13. A signal processor system according to claim 8, further comprising a beamformer configured to beamform the adaptively filtered time series of short-time microphone spectra of a plurality of microphone signals to generate a combined filtered time series of short-time spectra of the plurality of microphone signals.

14. A signal processor system according to claim 8, further comprising a hands-free telephony system.

15. A signal processor system according to claim 8, further comprising a speech recognition system.

16. A signal processor system according to claim 8, further comprising a vehicle communication system.

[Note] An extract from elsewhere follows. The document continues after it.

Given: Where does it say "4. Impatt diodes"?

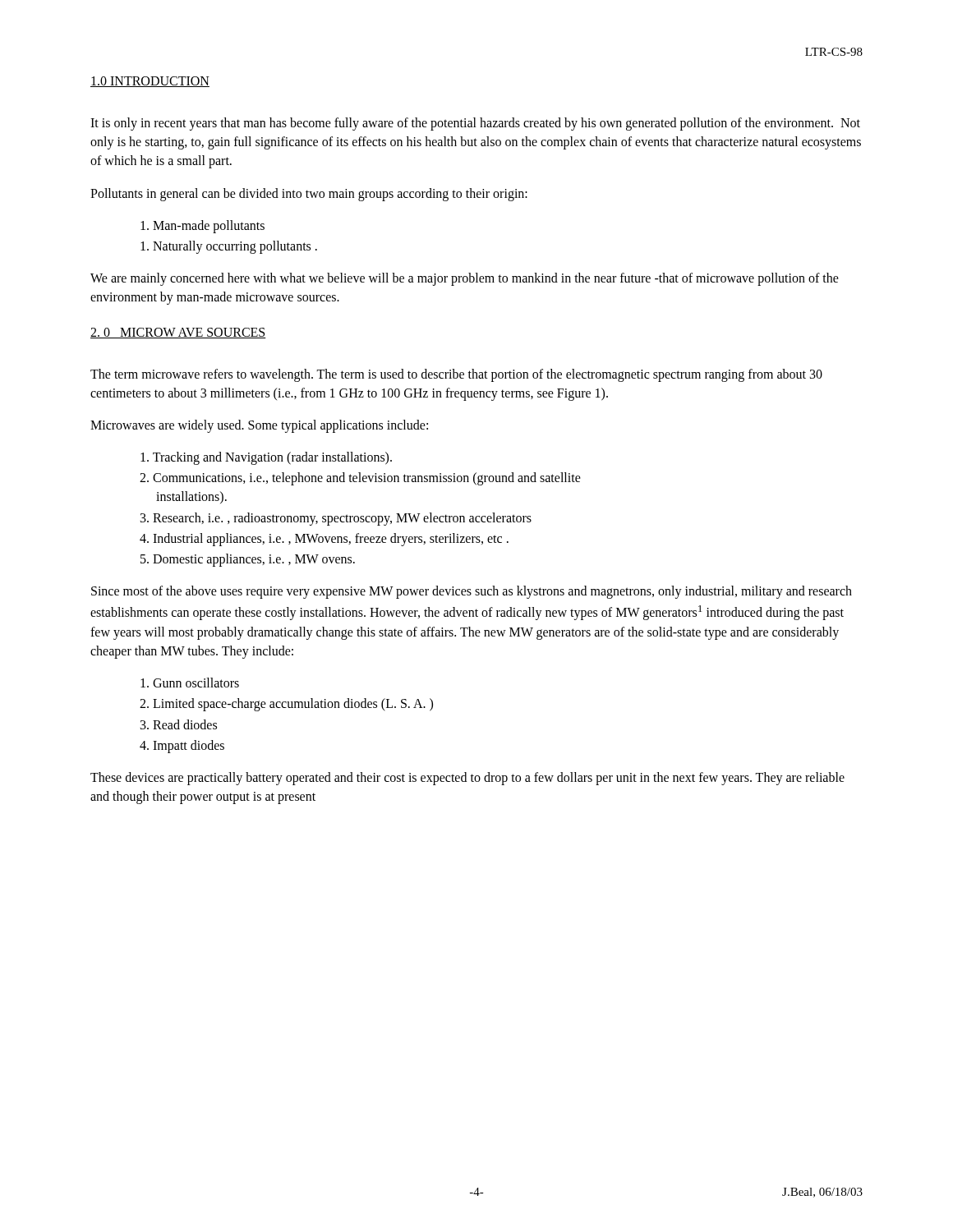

17. A computer program product for providing echo compensation of at least one audio microphone signal that includes an echo signal contribution due to an audio loudspeaker signal in a loudspeaker-microphone system, the computer program product comprising a non-transitory computer-readable medium having computer readable program code stored thereon, the computer readable program configured to:

convert overlapped sequences of the audio loudspeaker signal from a time domain to a frequency domain and obtain a time series of short-time loudspeaker spectra with a number of sub-bands;

temporally interpolate the time series of short-time loudspeaker spectra, including, for each pair of temporally adjacent short-time loudspeaker spectra, calculate an interpolated short-time loudspeaker;

compute an estimated echo spectrum with its sub-band components for at least one current loudspeaker spectrum by addition of a current short-time loudspeaker spectrum and previous short-time loudspeaker spectra, up to a maximum time delay, wherein:

first filter coefficients are used for weighting the current loudspeaker spectrum and the corresponding previous short-time loudspeaker spectra with increasing time delay;

second filter coefficients are used for weighting the interpolated short-time loudspeaker spectra temporally adjacent to the current loudspeaker spectrum and the corresponding previous short-time loudspeaker spectra; and

convert overlapped sequences of the audio microphone signal from the time domain to the frequency domain and obtain a time series of short-time microphone spectra with a number of sub-bands;

adaptively filter the time series of short-time microphone spectra of the microphone signal by at least subtracting a corresponding estimated echo spectrum from a corresponding microphone spectrum;

convert the filtered time series of short-time spectra of the microphone signal to overlapped sequences of a filtered audio microphone signal; and

overlap the sequences of the filtered audio microphone signal to generate an echo compensated audio microphone signal.